Is Matilda Amissah-Arthur Registered To Operate A Non-Profit?

By | July 21, 2015


Feature Article of Monday, 20 July 2015

Columnist: Okoampa-Ahoofe, Kwame

2015-07-20

By Kwame Okoampa-Ahoofe, Jr., Ph.D.
Garden City, New York
July 19, 2015
E-mail: [email protected]

I hope this write-up would be my last on the Matilda Amissah-Arthur contretemps at the Akyem-Kukurantumi Presbyterian Primary School, unless new developments arise therefrom that require prompt addressing (See “Why I Refused To Give School Headmistress Chalk – Veep’s Wife” Graphic.com.gh / Ghanaweb.com 7/19/15). It is all right for Mrs. Amissah-Arthur to complement the functional obligations and mandate of the Ghana Education Service (GES) through such philanthropic activities as that which brought her into her tantrum-throwing confrontation with Mrs. Juliet Oppong, the Kukurantumi Presbyterian Primary School headteacher.

Still, there needs to be raised the issue of the need for some form of public accountability here. For instance, has the Vice-President’s wife legally registered the company or foundation under whose aegis, or auspices, she has been making such philanthropic donations? And if, indeed, she has been duly registered to operate as a non-profit organization, who are her primary sponsors or the sources of the items and materials that she has been donating to these schools on a regular basis? Are the monies for these supplies or donations coming from public funds, party funds or her own private bank account?

We need to know these things because it well appears that Mrs. Amissah-Arthur has virtually taken over the traditional and statutory functions of both the Ministry of Education (MOE) and the Ghana Education Service (GES). She also needs to open up about the details of her activities as well as have government auditors examine the same. In other words, she needs to be accountable to her sponsors, if she has any, and the Ghanaian public at large. For, needless to say, there is a very serious problem when the headteacher of any government-controlled school has to send an S-O-S to the wife of Vice-President Kwesi Bekoe Amissah-Arthur for basic school supplies, instead of the Director of Procurement at the GES, the Director-General of the GES, or the substantive Minister of Education and/or any of her relevant minions or assigns. Let’s face it, somebody is playing politics with the education and future of our youths, and the sooner something reparative got done about it the better.
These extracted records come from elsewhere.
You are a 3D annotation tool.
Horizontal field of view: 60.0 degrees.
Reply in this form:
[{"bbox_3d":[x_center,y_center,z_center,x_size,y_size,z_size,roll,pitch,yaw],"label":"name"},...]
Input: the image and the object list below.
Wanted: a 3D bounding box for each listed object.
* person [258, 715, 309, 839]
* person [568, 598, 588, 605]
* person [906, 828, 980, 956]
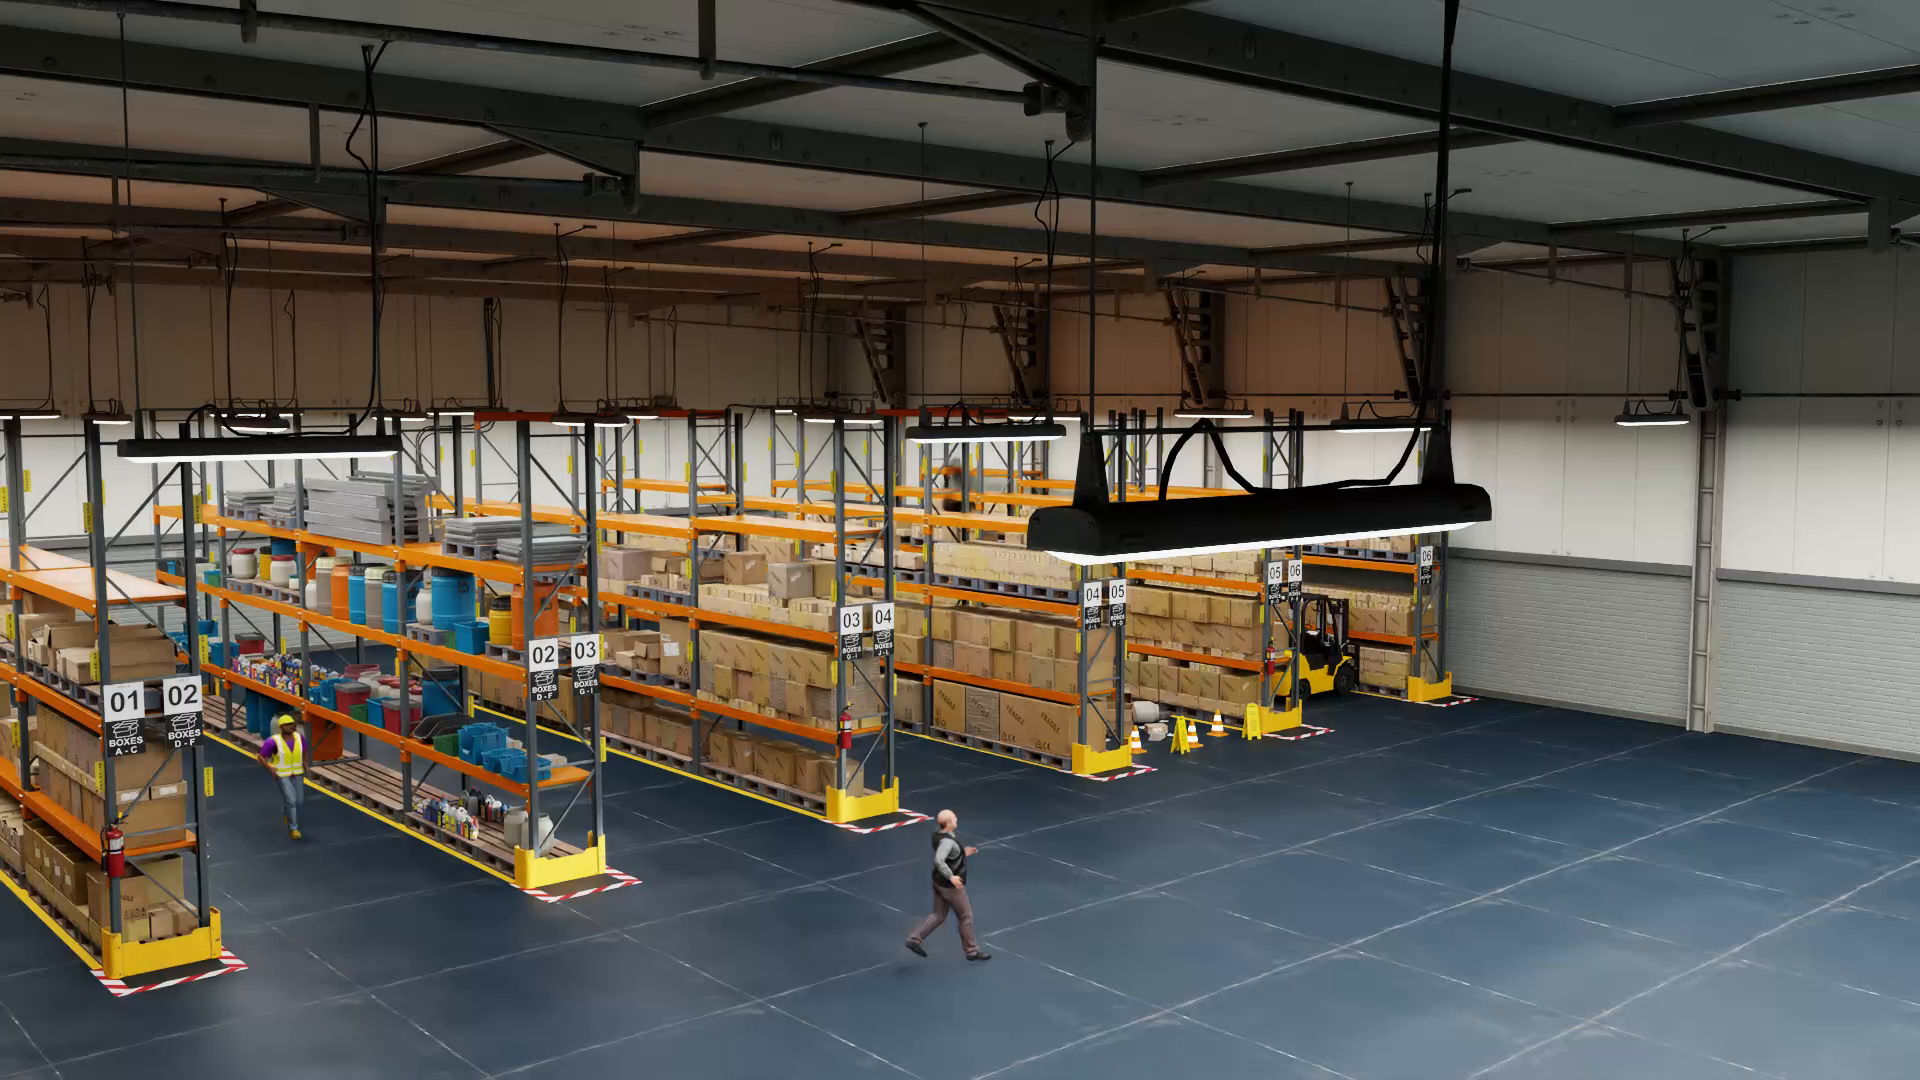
[{"bbox_3d":[-9.662,3.370,23.845,0.714,1.746,0.708,5,7,43],"label":"person"},{"bbox_3d":[-9.327,1.963,40.279,0.634,1.633,0.951,1,5,12],"label":"person"},{"bbox_3d":[-0.186,3.898,18.398,0.803,1.436,0.654,-2,5,-21],"label":"person"}]

Now, let us turn to the problem of the inexcusable rudeness of Mrs. Matilda Amissah-Arthur. The fact of the matter is that she could have more politely encouraged the Headteacher of the Kukurantumi Presbyterian Primary School to make productive use of the Parent-Teacher Association (PTA) of the school, if it had one. Or better yet, she could have enquired about the status and functionality of the PTA and the latter’s relationship with the school and its service community as a whole, rather than behaving imperiously as if the school were the private business or enterprise of Mrs. Oppong’s.

Maybe all public service-oriented spouses and partners of our politicians ought to be required to undergo some sort of human-relations and sensitivity training. It would make for a more respectful and healthy engagement between our leaders and the people they are mandated to serve.